While many stroke experts, including those at UCLA, make the case that deploying mobile units to rural areas far from stroke treatment centers could reduce stroke disability and save money, Southerland said that one challenge to rural use of the units is that you’d need several to cover the full geographic area of a rural region to be sure that everyone had equal access and that may not prove to be cost effective, though he is hopeful about a recently launched national clinical trial—which includes UCLA—that will look at both cost effectiveness and recovery outcomes in part by evaluating patients treated on the mobile stroke units every three months to assess their level of disability.

And expanding the use of the units beyond just strokes may also help with cost effectiveness, said Southerland. Saver, who has a wish list of a fleet of four to seven mobile stroke ambulances for UCLA, hopes the hospital’s trial unit can be used beyond stroke to test, for example, speedy administration of new drugs developed for different kinds of strokes as well as to deploy the unit for other neurologic emergencies such as traumatic brain injuries for fast assessment and fast treatment.

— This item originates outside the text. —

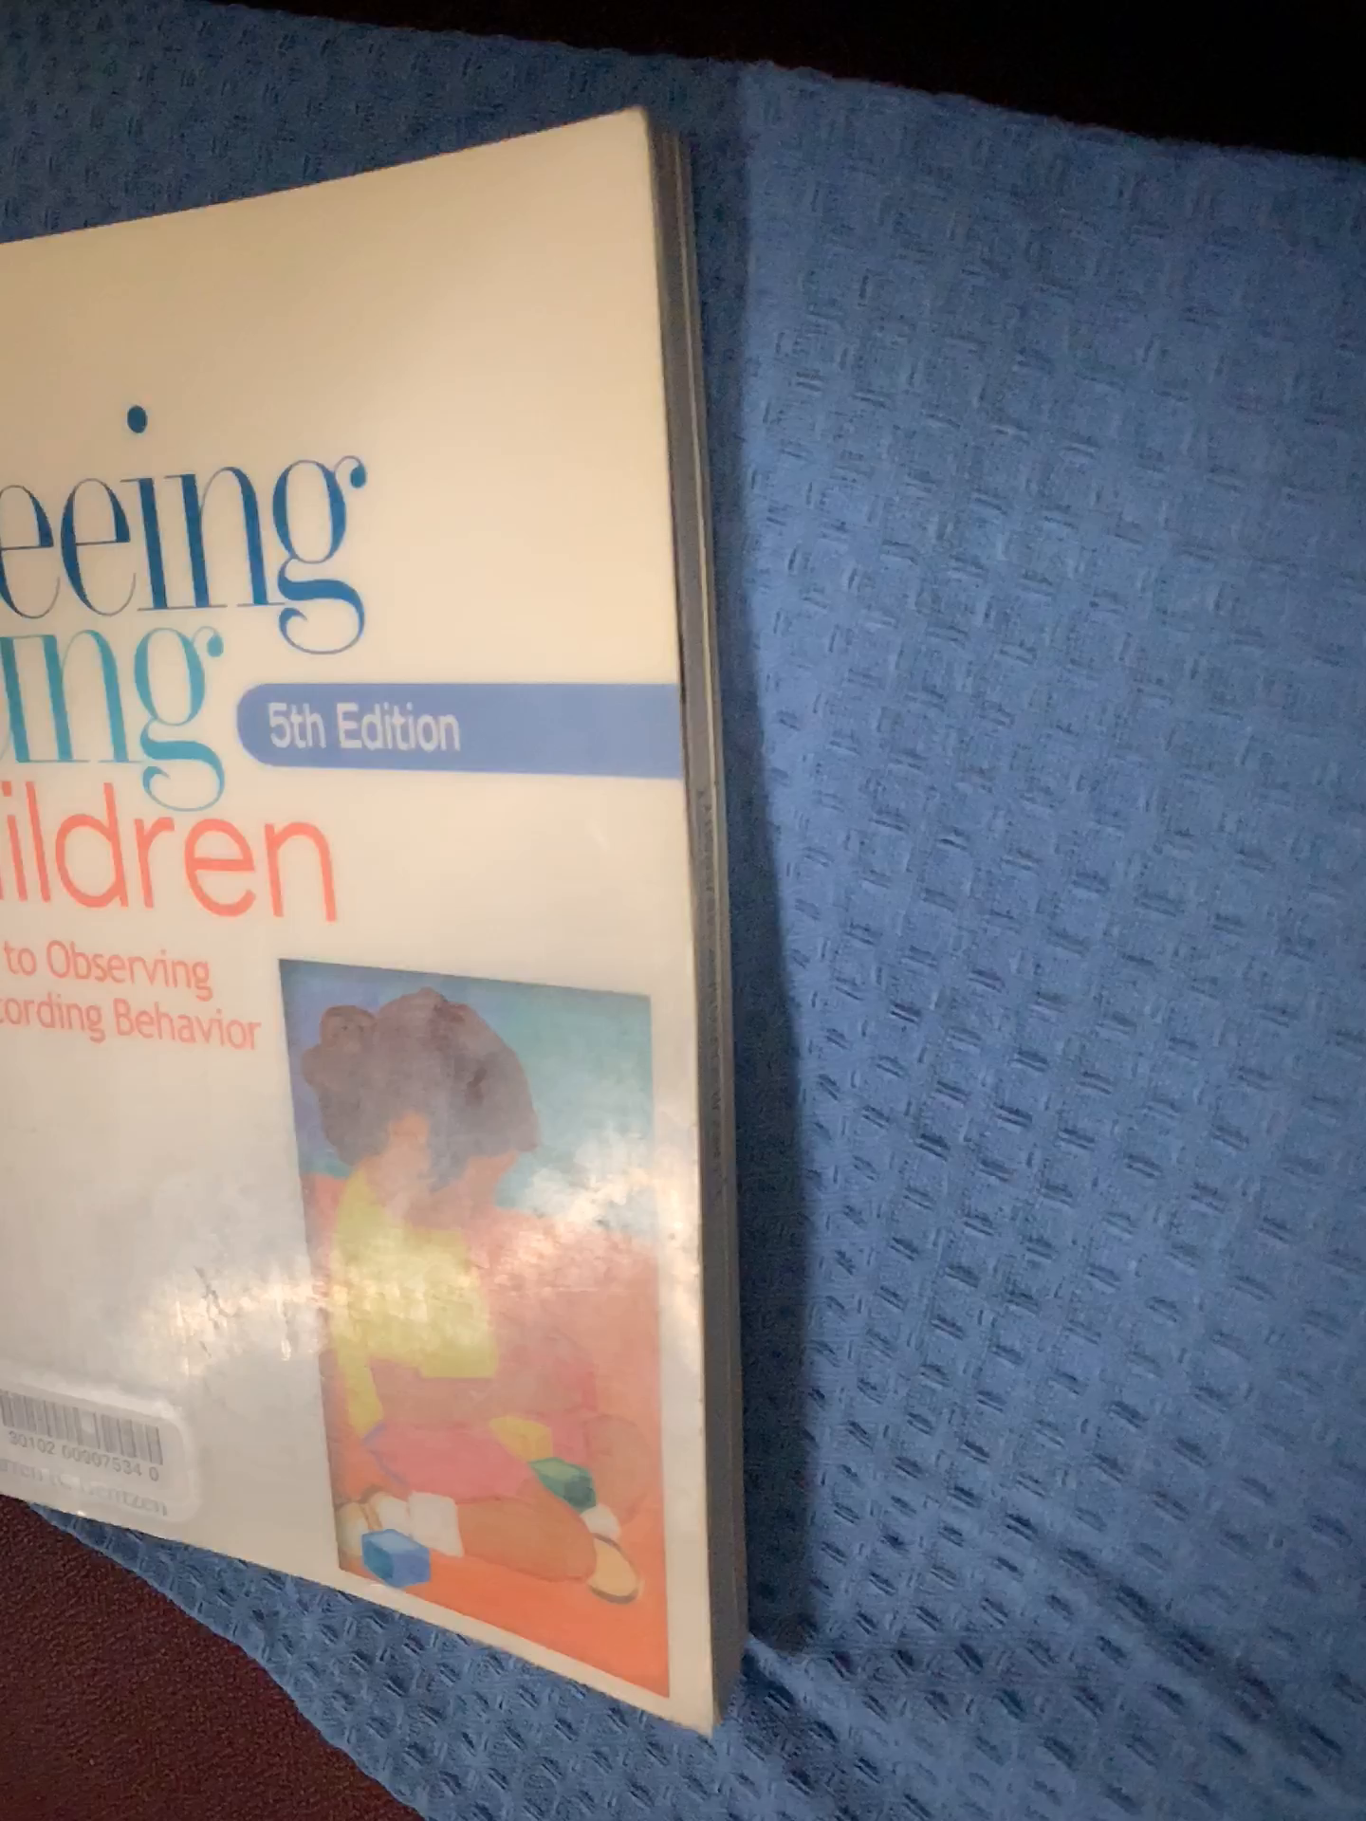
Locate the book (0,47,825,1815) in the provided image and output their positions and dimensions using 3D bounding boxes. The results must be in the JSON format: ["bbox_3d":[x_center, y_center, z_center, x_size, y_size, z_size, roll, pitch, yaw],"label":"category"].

For now the mobile stroke unit operates every other week—with the off week acting as a control to compare the time it takes to start TPA in the mobile unit and at the hospital. The mobile unit works in tandem with the Santa Monica fire/rescue department—and will work with other fire/rescue departments as the deployment is widened to other parts of Los Angeles County. Paramedics in the field radio the stroke unit—on weeks it’s operational—when a stroke is suspected. Santa Monica has a relatively low stroke rate—up to 100 per year, according to Saver, compared with 800 to 1,000 per year for Long Beach, one of the areas where the unit will operate during 2018.

Since its launch in mid-September, the unit has assessed and transported eight suspected stroke patients back to UCLA. Two patients had what are known as transient ischemic strokes, and the symptoms resolved on their own; six had had previous strokes and were not feeling well, but not having new strokes and didn’t need treatment. One patient, however, a woman in her 70s, felt a bit weak, did not have the classic stroke signs of a droopy mouth and slurred speech, but did have weakness in one arm.  The paramedics called the mobile stroke unit which responded and did a CT scan which showed  Nour that the patient had bleeding on the brain. The patient was immediately transported to UCLA where she had surgery that day and has since been released without suffering any adverse consequences of the bleeding. “The paramedic wasn’t sure the patient was having a stroke,” said Nour, “but since he knew he could call us he deferred to our unit which resulted in the patient’s very prompt treatment.”

Peter Panagos, professor of emergency medicine and neurology at Washington University in St. Louis, and vice chair of the American Stroke Association’s stroke council says he thinks the mobile units are valuable to the community even beyond the assessment and treatment they provide. “Just the marketing for a mobile stroke unit improves education about stroke symptoms” said Panagos. When community members see a mobile stroke unit driving around, or parked in a church or school parking lot, it generates questions and raises awareness of stroke and stroke prevention, even though you can’t quantify that return on investment.”

Beginning sometime next year the mobile stroke unit will run every week as it expands to other counties in Los Angeles and then will rely on a neurologist based at the hospital who reviews scans and patients through a video hookup—a less expensive option than having a neurologist on board.  For now, insurance does not cover the unit’s care for a patient but Saver hopes that the national clinical trial will provide the data that will convince insurers to pay for assessment and treatment in a mobile stroke unit.  Legislation is also pending in Congress that calls on Medicare and other insurers to cover stroke telemedicine, which could, if passed, be extended to cover assessment and care on mobile stroke units as well.